A boa notícia é que as coisas não param de piorar e isso nos leva a crer que seu fim está próximo. O sol não fica o tempo inteiro no meio dia. Uma hora ele se põe. Uma hora a gira vira. É hora de identificar nossos representantes, achar o nosso lado nessa brincadeira. Quem não sabe se é de esquerda ou de direita, e na minha história não existe centro, é só se perguntar em que ideologia pode melhor caber. Às esquerdas se atribui o fundamento do bem coletivo. Em resumo, é a base da filosofia ubuntu: “ Como posso ter tudo e ser feliz sozinho, enquanto meu irmão não tem nada?”

E , às direitas costuma -se atribuir regras de privilégio pessoal e individual, cruel competição, individualismo acirrado, aumento da desigualdade de muitos para garantir o acúmulo de bens e privilégios na mão de poucos. Simples assim. Veja de que lado você está e comece a agir a partir da política do seu cotidiano, do nosso cotidiano com base na sua ideologia.

A pior coisa nesse momento é achar que não tem jeito. Leva à não atitude e consequentemente à letargia e à omissão .Uma outra coisa também muito ruim e perigosa é esperar um salvador da pátria. Salvadores da pátria em geral não dão conta sozinhos do serviço coletivo , coisa muito pesada para um só lombo. Salvadores da pátria são centralizadores ,em geral se inflam egoicamente da função que lhe outorgam e ao fim, não salvam nada.

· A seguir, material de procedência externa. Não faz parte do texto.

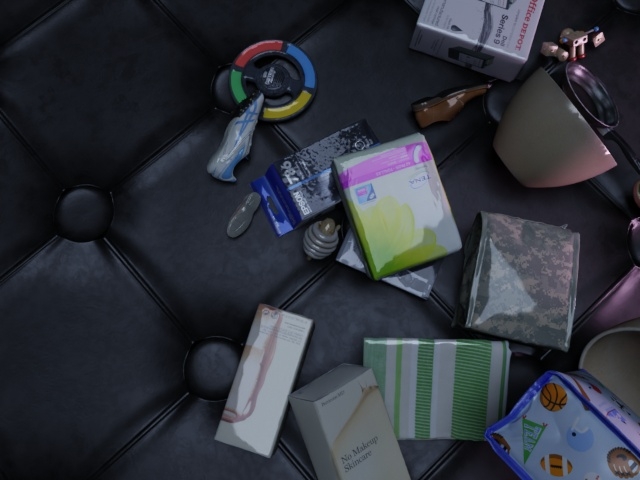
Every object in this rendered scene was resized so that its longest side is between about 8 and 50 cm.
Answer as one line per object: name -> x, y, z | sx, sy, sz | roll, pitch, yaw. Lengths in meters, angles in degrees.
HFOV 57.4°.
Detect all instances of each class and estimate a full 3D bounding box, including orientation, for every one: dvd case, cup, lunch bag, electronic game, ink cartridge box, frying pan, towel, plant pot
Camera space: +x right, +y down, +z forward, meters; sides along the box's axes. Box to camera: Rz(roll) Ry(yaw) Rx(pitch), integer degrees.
dvd case -> 0.179, 0.017, 1.415 | 0.238, 0.029, 0.179 | 23, 78, 4
cup -> 0.769, 0.287, 1.251 | 0.236, 0.331, 0.331 | -24, 78, -32
lunch bag -> 0.447, 0.086, 1.335 | 0.235, 0.169, 0.287 | 13, 82, 3
electronic game -> -0.121, -0.408, 1.492 | 0.229, 0.048, 0.230 | 0, 78, -1
ink cartridge box -> 0.402, -0.564, 1.499 | 0.289, 0.121, 0.211 | 19, 78, 2
ink cartridge box -> 0.003, -0.154, 1.432 | 0.332, 0.065, 0.165 | -29, 80, -6
lunch bag -> 0.556, 0.435, 1.101 | 0.239, 0.327, 0.385 | -51, 56, 15
frying pan -> 0.711, -0.309, 1.461 | 0.326, 0.053, 0.197 | 52, 47, 0
towel -> 0.254, 0.332, 1.300 | 0.324, 0.038, 0.248 | 1, 102, 0
plant pot -> 0.524, -0.236, 1.380 | 0.191, 0.284, 0.284 | -37, 79, 24

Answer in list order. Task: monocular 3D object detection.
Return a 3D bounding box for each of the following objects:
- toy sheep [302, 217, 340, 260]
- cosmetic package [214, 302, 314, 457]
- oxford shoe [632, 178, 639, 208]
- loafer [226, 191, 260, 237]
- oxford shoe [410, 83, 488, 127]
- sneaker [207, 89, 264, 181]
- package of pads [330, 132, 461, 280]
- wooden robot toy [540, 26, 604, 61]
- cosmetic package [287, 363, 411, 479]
toy sheep -> 0.000, 0.000, 1.378 | 0.091, 0.132, 0.091 | 15, 37, -12
cosmetic package -> -0.115, 0.303, 1.285 | 0.129, 0.153, 0.296 | 16, 76, 4
oxford shoe -> 0.913, -0.095, 1.378 | 0.348, 0.130, 0.123 | 10, 73, -10
loafer -> -0.189, -0.063, 1.424 | 0.045, 0.039, 0.125 | 37, 81, -27
oxford shoe -> 0.333, -0.346, 1.488 | 0.212, 0.076, 0.076 | -23, 109, -8
sneaker -> -0.195, -0.255, 1.436 | 0.086, 0.085, 0.237 | 27, 91, -30
package of pads -> 0.177, -0.080, 1.354 | 0.229, 0.101, 0.297 | -18, 89, -6
wooden robot toy -> 0.651, -0.521, 1.538 | 0.173, 0.076, 0.079 | -20, 44, -5
cosmetic package -> 0.069, 0.433, 1.214 | 0.160, 0.113, 0.310 | -24, 98, -32
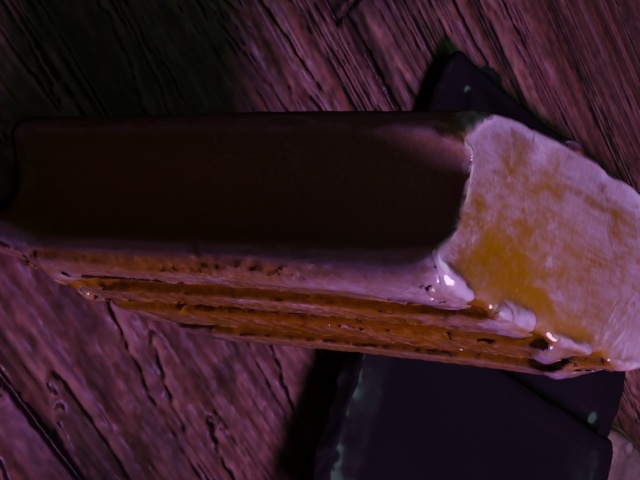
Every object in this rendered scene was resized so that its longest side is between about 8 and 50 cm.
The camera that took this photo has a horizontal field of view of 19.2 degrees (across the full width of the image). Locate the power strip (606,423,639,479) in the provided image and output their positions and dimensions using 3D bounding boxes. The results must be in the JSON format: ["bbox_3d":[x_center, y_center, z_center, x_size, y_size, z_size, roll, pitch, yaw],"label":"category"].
[{"bbox_3d":[0.263,0.257,1.363,0.387,0.066,0.092,46,59,-39],"label":"power strip"}]

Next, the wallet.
[{"bbox_3d":[0.107,0.070,1.160,0.247,0.041,0.323,33,61,-38],"label":"wallet"}]

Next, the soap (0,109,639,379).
[{"bbox_3d":[0.000,0.000,0.869,0.173,0.274,0.089,23,74,-48],"label":"soap"}]
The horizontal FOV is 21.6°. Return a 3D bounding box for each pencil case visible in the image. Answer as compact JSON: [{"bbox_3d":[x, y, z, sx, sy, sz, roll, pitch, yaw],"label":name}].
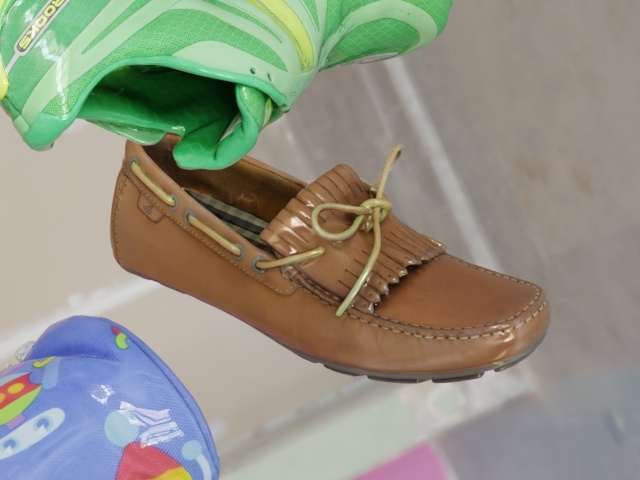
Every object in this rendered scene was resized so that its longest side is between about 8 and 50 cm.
[{"bbox_3d":[-0.195,0.143,0.775,0.133,0.306,0.119,42,150,33],"label":"pencil case"}]

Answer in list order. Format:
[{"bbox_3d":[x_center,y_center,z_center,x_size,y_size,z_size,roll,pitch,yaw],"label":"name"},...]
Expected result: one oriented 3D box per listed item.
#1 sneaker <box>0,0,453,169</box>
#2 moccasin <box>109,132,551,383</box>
[{"bbox_3d":[-0.050,-0.095,0.864,0.109,0.295,0.123,-41,67,49],"label":"sneaker"},{"bbox_3d":[0.002,-0.001,1.289,0.380,0.139,0.147,24,124,33],"label":"moccasin"}]
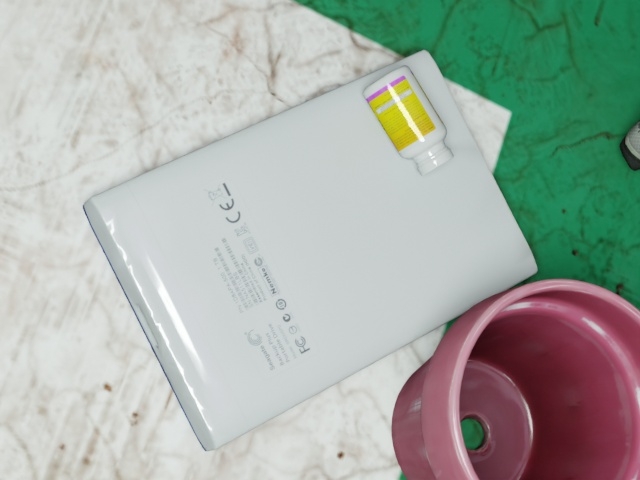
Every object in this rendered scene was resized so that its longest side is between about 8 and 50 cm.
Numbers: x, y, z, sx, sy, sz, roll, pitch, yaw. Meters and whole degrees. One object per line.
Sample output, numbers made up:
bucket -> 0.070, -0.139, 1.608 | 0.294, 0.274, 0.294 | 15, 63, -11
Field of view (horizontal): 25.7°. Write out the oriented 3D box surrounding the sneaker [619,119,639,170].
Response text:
sneaker -> 0.330, -0.086, 1.268 | 0.170, 0.075, 0.063 | 2, 58, -44

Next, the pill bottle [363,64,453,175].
pill bottle -> 0.072, -0.095, 1.122 | 0.043, 0.043, 0.083 | -32, 91, -25

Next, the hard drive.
hard drive -> 0.000, 0.000, 1.119 | 0.319, 0.040, 0.210 | -26, 89, -25

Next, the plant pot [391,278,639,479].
plant pot -> 0.148, 0.141, 1.073 | 0.201, 0.180, 0.201 | 5, 77, -22

Muita coisa tem sido destruída, mas não a nossa experiência. Nada podem contra ela. O que estamos assistindo? O cinismo, a confirmação de uma sequência de golpes. Tudo isso que dói agora, também nos amadurece e não há história que possa dar ré neste saber. Luto para preservar a natureza da qual Bilac me fez guardiã desde menina é pra que não se acabe. Batalharei até o fim por ela.
É dia da independência . Não conheço coisa mais cara que isso. Simbora. Estamos, às vezes até sem saber, nos preparando para fazer a hora e não esperar acontecer.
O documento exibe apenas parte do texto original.